*WHAT YOU NEED TO DO:*
Please return all lines of the data below containing the string "spans".

RECORDS FOR THE EXERCISE: Begin

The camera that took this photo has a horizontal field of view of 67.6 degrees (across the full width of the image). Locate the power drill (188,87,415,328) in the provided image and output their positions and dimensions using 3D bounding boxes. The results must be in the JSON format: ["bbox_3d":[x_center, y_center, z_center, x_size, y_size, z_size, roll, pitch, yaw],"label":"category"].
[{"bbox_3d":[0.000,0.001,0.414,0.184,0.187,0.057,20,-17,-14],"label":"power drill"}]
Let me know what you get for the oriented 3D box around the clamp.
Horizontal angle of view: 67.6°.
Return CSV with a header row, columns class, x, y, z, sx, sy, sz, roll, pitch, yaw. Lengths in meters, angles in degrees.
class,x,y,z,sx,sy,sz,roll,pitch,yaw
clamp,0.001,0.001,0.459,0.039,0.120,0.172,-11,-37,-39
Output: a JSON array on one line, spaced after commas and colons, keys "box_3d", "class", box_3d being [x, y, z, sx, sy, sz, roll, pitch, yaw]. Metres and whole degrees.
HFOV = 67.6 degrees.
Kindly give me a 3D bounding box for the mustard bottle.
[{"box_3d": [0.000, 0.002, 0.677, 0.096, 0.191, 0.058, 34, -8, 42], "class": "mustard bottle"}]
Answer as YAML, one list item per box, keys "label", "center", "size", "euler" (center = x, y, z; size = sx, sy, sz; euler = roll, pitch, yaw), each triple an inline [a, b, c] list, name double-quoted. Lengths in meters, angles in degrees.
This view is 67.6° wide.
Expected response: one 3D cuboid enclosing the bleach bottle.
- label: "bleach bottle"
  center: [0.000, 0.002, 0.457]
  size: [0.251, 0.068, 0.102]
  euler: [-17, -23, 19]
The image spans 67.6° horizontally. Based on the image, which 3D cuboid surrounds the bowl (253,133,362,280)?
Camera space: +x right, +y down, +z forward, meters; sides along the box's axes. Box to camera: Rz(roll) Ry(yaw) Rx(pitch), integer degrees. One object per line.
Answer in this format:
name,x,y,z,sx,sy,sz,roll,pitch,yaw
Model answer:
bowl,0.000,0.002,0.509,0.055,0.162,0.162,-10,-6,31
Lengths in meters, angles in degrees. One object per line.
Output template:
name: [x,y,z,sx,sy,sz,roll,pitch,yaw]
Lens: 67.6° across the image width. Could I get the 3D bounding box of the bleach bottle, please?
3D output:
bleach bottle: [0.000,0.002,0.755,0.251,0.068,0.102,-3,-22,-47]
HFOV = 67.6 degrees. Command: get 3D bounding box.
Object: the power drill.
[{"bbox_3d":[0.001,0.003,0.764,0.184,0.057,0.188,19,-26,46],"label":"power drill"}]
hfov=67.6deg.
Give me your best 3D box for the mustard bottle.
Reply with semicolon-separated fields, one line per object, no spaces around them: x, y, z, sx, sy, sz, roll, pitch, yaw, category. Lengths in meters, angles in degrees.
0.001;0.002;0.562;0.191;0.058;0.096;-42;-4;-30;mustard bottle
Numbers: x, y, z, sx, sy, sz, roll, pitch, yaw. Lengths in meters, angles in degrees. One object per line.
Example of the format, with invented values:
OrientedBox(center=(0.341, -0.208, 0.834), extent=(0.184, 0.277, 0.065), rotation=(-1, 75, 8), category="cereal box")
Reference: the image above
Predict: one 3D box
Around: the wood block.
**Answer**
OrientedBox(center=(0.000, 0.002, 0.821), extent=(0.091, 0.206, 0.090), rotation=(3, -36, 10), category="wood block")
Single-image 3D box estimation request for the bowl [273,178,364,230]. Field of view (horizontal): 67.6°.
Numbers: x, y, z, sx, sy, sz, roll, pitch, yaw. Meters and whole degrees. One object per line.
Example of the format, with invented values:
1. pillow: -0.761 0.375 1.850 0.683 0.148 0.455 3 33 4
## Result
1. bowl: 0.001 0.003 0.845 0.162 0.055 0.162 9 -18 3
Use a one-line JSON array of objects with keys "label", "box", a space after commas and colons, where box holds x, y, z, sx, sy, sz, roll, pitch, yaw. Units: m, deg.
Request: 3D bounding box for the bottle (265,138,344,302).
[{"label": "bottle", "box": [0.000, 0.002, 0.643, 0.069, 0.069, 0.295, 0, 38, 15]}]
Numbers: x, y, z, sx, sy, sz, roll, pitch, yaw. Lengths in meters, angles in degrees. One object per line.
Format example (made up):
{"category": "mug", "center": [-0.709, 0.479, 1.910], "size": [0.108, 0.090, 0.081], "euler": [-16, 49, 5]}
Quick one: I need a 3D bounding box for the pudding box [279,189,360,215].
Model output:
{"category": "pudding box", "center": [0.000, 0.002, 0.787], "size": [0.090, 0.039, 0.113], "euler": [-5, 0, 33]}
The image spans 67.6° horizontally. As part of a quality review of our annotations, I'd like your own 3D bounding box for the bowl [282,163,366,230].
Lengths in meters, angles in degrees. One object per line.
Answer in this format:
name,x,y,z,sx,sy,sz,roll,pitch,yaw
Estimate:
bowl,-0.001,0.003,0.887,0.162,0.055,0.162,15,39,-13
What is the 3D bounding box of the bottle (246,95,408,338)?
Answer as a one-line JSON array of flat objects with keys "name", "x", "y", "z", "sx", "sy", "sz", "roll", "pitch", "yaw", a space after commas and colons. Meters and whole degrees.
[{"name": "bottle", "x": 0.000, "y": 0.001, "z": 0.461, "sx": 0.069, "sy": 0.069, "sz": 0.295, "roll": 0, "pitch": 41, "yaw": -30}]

RECORDS FOR THE EXERCISE: End

*YOUR RESPONSE:*
The image spans 67.6° horizontally. Based on the image, which 3D cuboid surrounds the bowl (253,133,362,280)?
The image spans 67.6° horizontally. As part of a quality review of our annotations, I'd like your own 3D bounding box for the bowl [282,163,366,230].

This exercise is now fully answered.